Why is $x_1$ independent of $x_2$ for a joint gaussian with $0$ correlation

Question

I am reading Murphys machine learning: a probabilistic perspective and in 4.3.2.1 it says that for a joint gaussian with 2 zero mean random variables, lets say $y$ and $x$, if the correlation is $0$, they are independent. It then goes on to say that if you know a $y$ value, the conditional pdf of $x$ given $y$ has the same variance of the marginal pdf of $x$. This implies that learning information about $y$ tells us nothing about $x$. However, when I draw a joint gaussian and take a slice for some fixed $y$ value, it appears the distribution will get tighter for $x$ even if there is 0 correlation. Why is it the case that our uncertainty of $x$ does not decrease after learning something about $y$? Additionally, why would $x$ and $y$ be independent. One potential answer is that after we normalize the slice of the gaussian, the conditional pdf of $x$ given $y$ will look just like the marginal pdf of $x$.

Answer 1

For a random vector $X=(X_1,\ldots,X_n)$, by definition, it is a joint gaussian $\mathcal{N}(\mu,\Sigma)$, where $\mu$ is the mean vector and $\Sigma$ is the covariance matrix, if and only if it has pdf $$f(x_1,\ldots,x_n)=\frac{\exp(-\frac{1}{2}(x-\mu)^T\Sigma^{-1}(x-\mu))}{\sqrt{(2\pi)^n|\Sigma}}.$$

In the case that $X_1,\ldots,X_n$ are uncorrelated, this is the same as saying $\Sigma$ is a diagonal matrix, in which case the pdf splits, giving independence.

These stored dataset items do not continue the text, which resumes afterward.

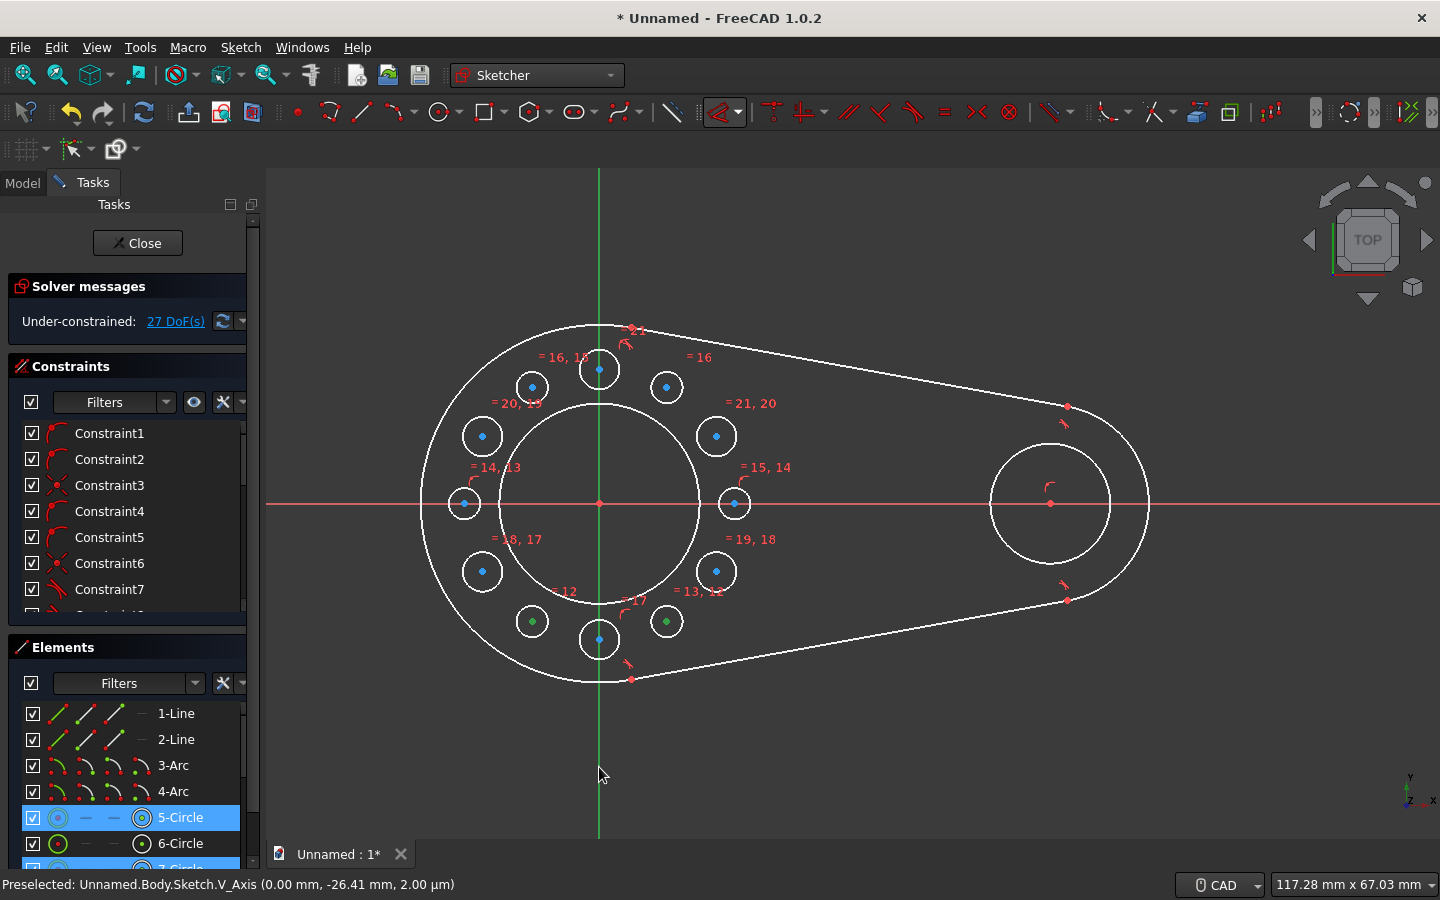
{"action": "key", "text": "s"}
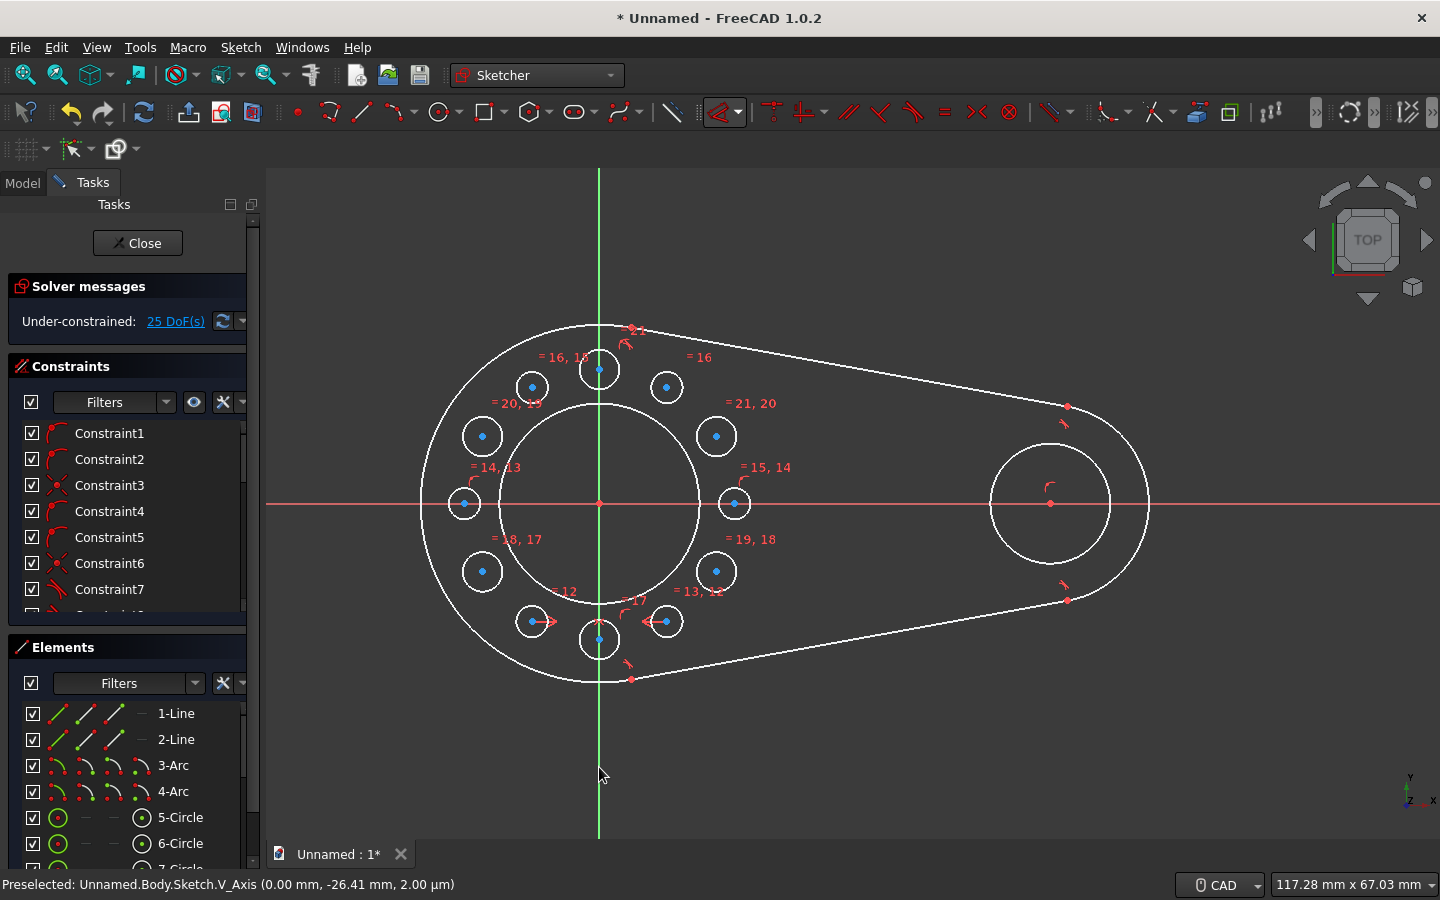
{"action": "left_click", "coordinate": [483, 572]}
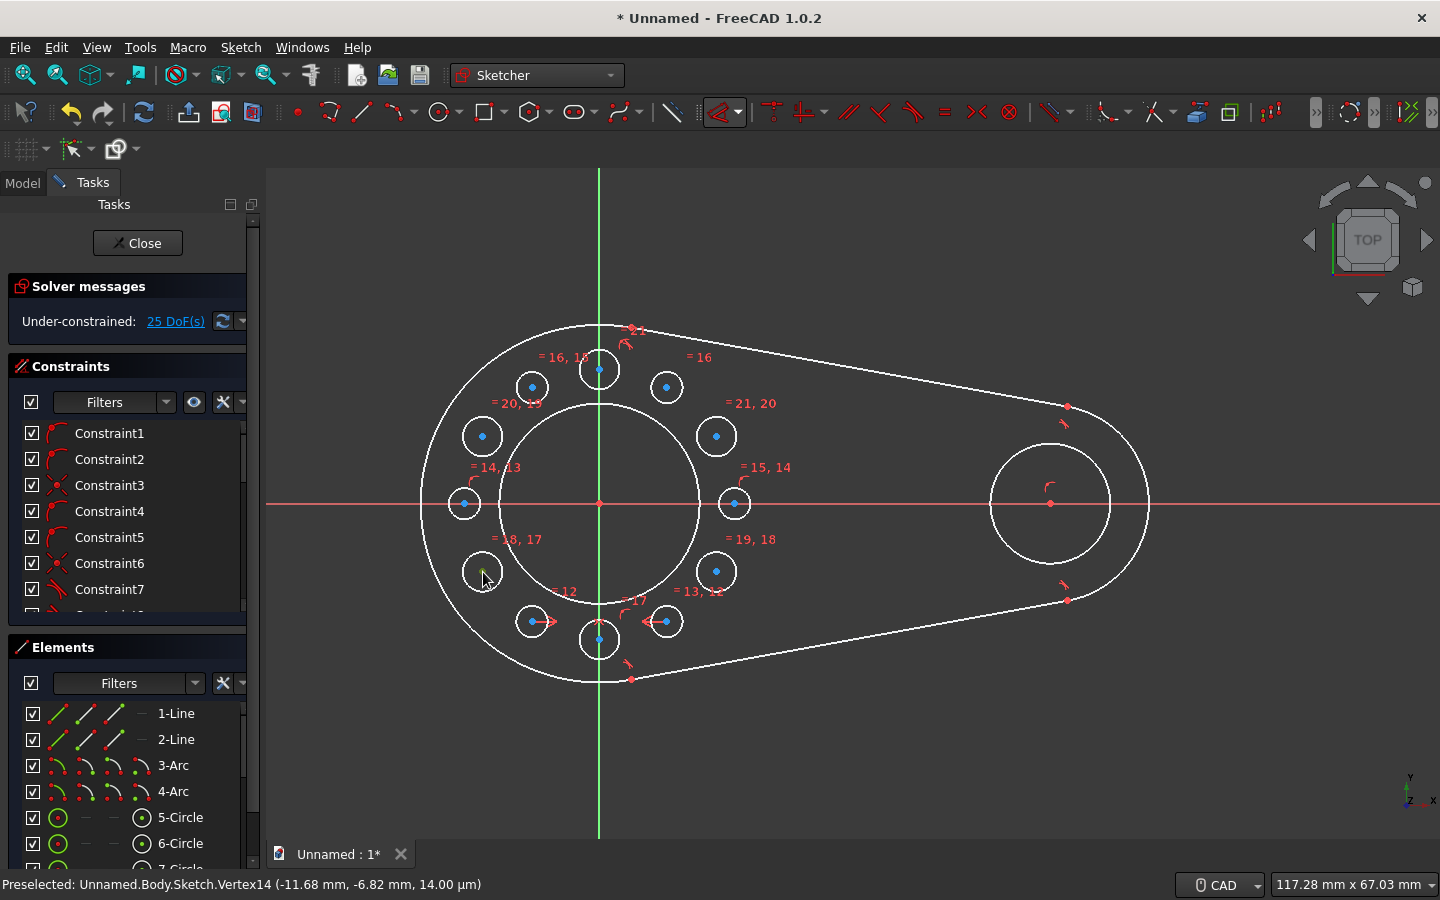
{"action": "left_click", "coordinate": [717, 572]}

Your second question is a general question about independent random variables. Let $X,Y$ be independent (for convenience, continuous) random variables with pdfs $f_X,f_Y$, respectively. Then the joint pdf is $f_{X,Y}(x,y)=f_X(x)f_Y(y)$. Then the conditional pdf of $x$ given $y$ is $$f_{X|Y}(x|y) = \frac{f_{X,Y}(x,y)}{f_Y(y)}=f_X(x).$$ Similarly, the marginal pdf for $X$ is just $$\int f_{X,Y}(x,y)dy = f_X(x)\int f_Y(y)dy=f_X(x).$$

The $y$ in the conditional is assumed to come from $\mathcal{Y}:=\{y\in \mathbb{R}:f_Y(y)>0\}$ so that we avoid dividing by zero. This isn't an issue in the normal case.

Your proposed explanation is exactly the correct one: The joint pdf should have level sets that are ellipses. Each ellipse gets narrower as you go along the $y$ axis. But when you divide (normalize) by the $f_Y(y)$, the segments will become the same. That's because the form of the pdf is $f_X(x)f_Y(y)$, we can see that the scaling factor is exactly $f_Y(y)$.